Department of Educational Psychology

 

Document Type

Article

Date of this Version

2010

Citation

Patterns of Prejudice 44:3 (2010), pp. 309–310.

doi: 10.1080/0031322X.2010.489739

Comments

Copyright © 2010 David Moshman. Published by Routledge/Taylor & Francis Group. Used by permission.

Abstract

The classic psychological work on prejudice is Gordon Allport’s 1954 The Nature of Prejudice. Half a century later, its definitive modern counterpart must surely be On the Nature of Prejudice: Fifty Years after Allport (2005). Systematically reconsidering Allport’s work in light of subsequent research and theorizing, On the Nature of Prejudice provides, in one carefully edited volume, the most comprehensive statement on the psychology of prejudice currently available. The Future of Prejudice: Psychoanalysis and the Prevention of Prejudice, in contrast, is simply a collection of sixteen chapters that, although generally psychoanalytic in orientation, vary greatly in form, content, scope, and quality. Even if the book as a whole does not make a contribution greater than the sum of its parts, however, there is much of interest in the various parts.
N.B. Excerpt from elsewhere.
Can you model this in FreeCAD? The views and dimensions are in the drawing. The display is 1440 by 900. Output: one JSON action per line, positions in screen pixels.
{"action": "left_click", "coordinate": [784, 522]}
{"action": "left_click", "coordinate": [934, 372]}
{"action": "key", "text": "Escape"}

There are at least two important respects in which On the Nature of Prejudice and The Future of Prejudice resemble each other and Allport’s original work. The first is that they are efforts to provide a psychological understanding of prejudice. Prejudice is not dismissed as the inexplicable result of evil in the world. Rather, it is seen as a natural phenomenon subject to psychological explanation. Second, prejudice in its basic forms is seen as normative rather than exceptional or pathological. We all have prejudices, and the explanation of our prejudices is rooted in our general psychological characteristics.
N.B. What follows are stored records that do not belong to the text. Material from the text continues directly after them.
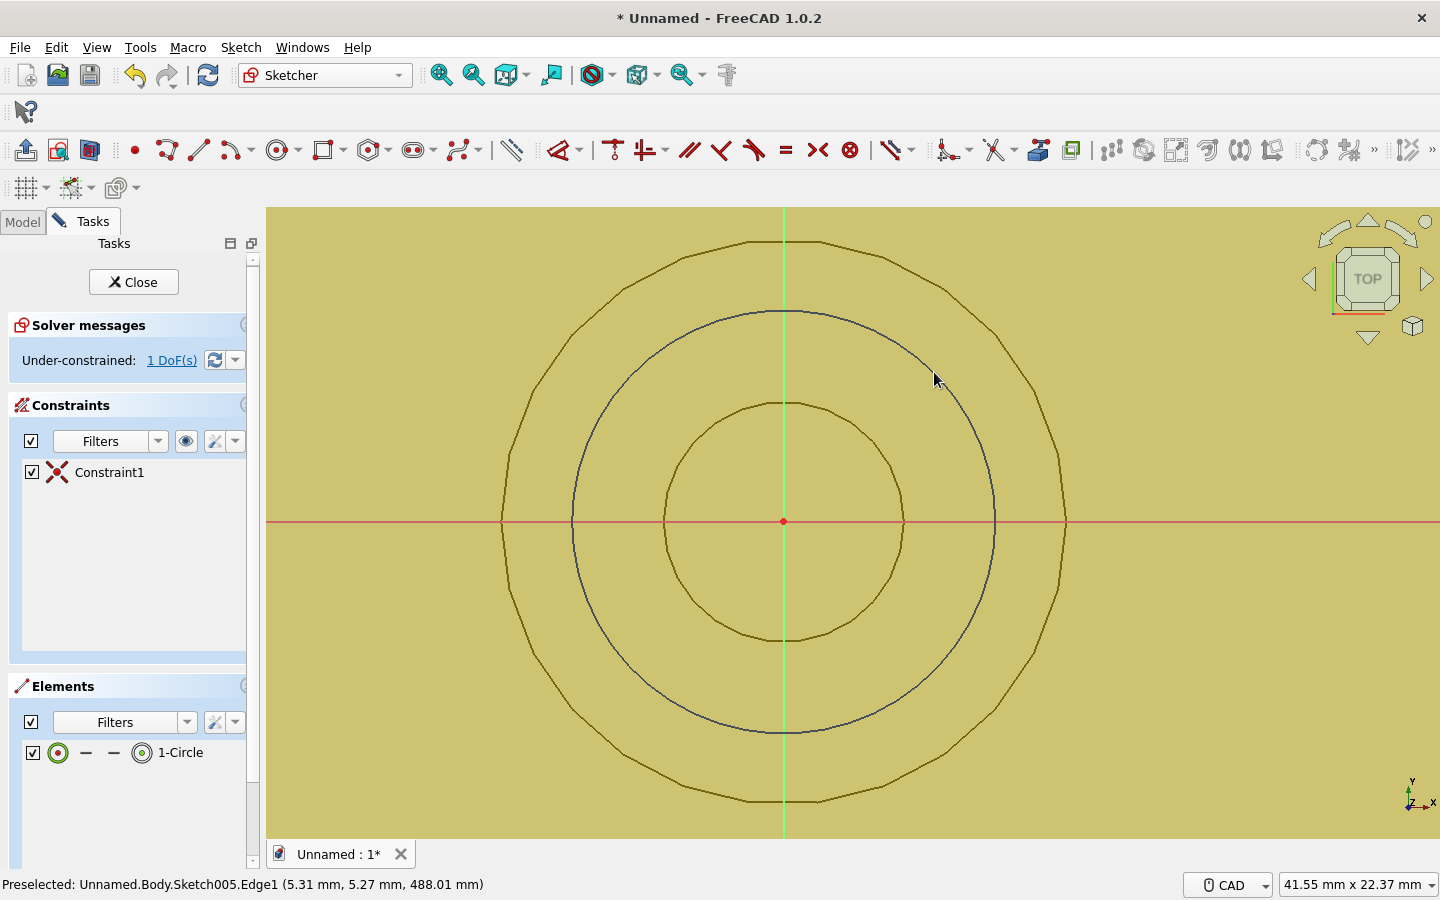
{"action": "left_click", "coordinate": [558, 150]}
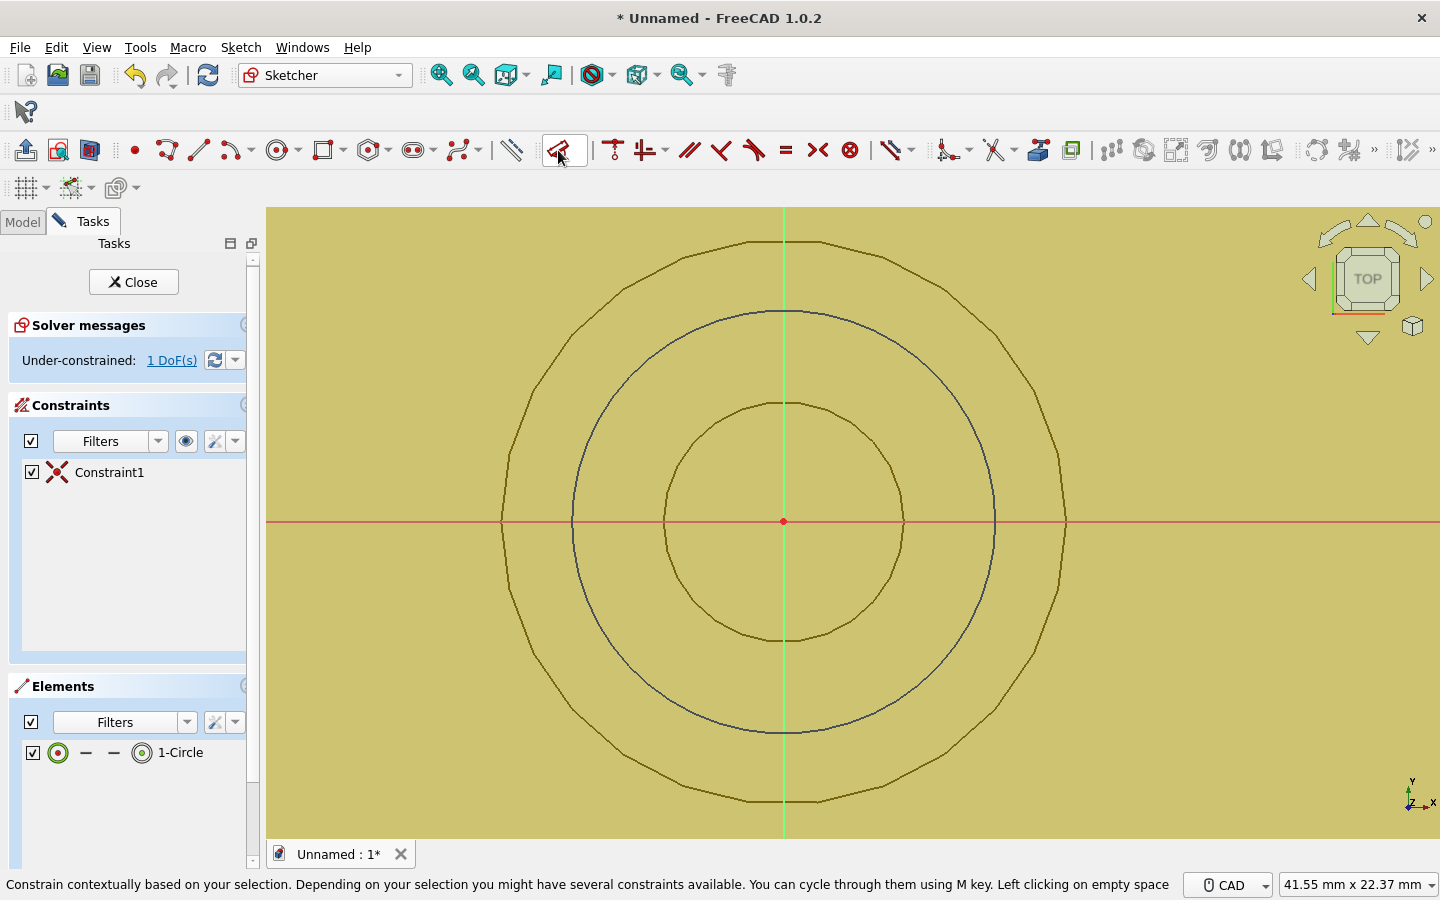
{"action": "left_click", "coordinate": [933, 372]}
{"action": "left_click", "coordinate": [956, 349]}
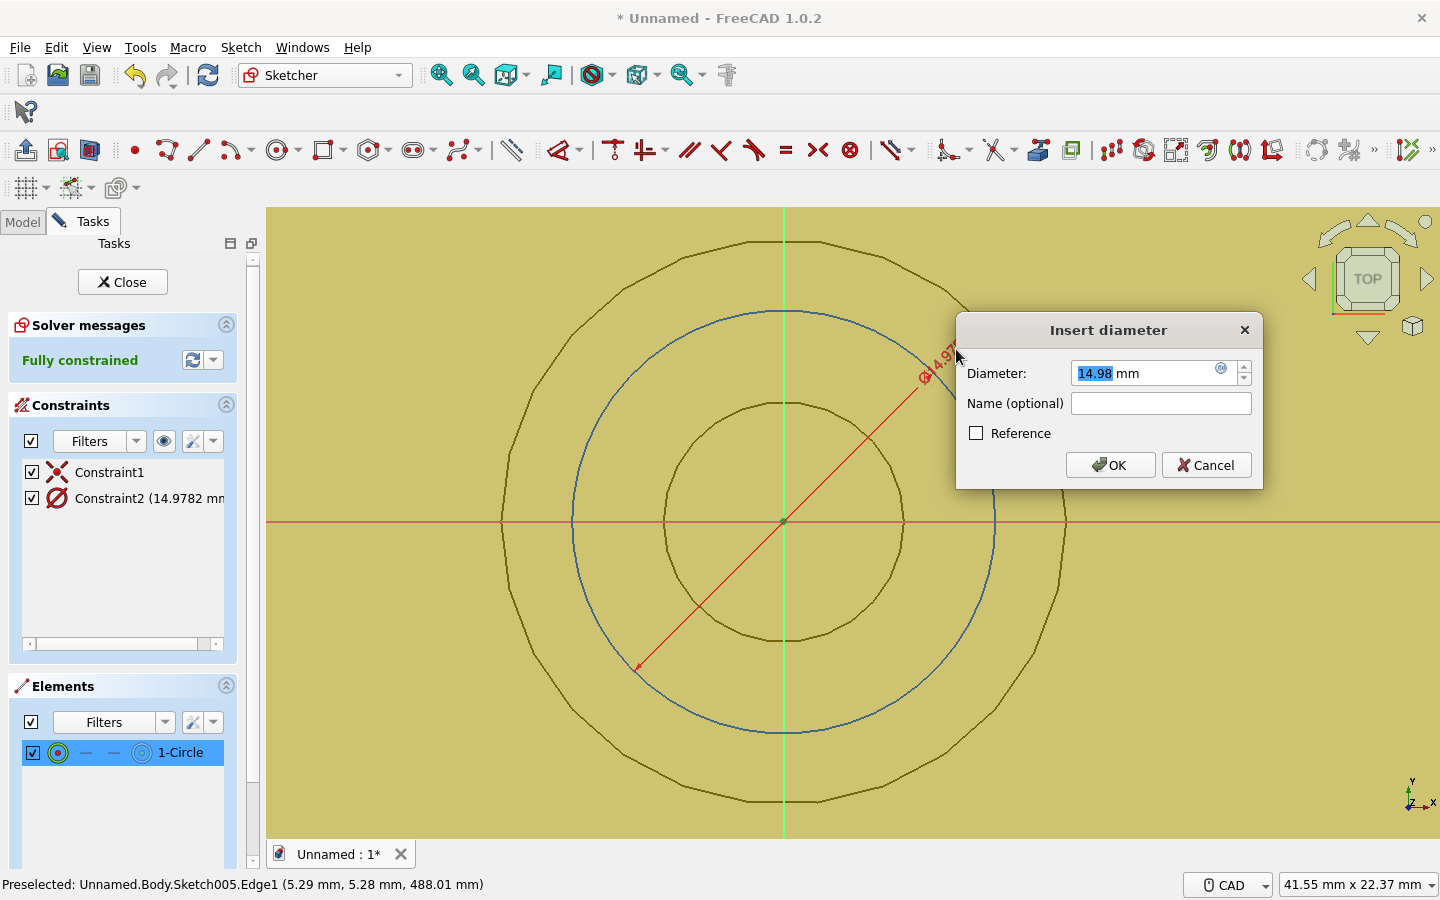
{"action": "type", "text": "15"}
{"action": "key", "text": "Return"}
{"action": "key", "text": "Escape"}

Furthermore, there are at least two important respects in which The Future of Prejudice differs from both On the Nature of Prejudice and Allport’s original volume. One is that The Future of Prejudice highlights psychoanalytic approaches to prejudice, such as a focus on stranger anxiety in infancy as an explanation for prejudicial tendencies. On the Nature of Prejudice, in contrast, is rooted in cognitive social psychology, as was Allport’s original volume (which was ahead of its time in this regard). Prejudice was seen by Allport, and continues to be seen by social psychologists of the twenty-first century, as originating in general aspects of our perception and thinking, not in early attachments and associated experiences.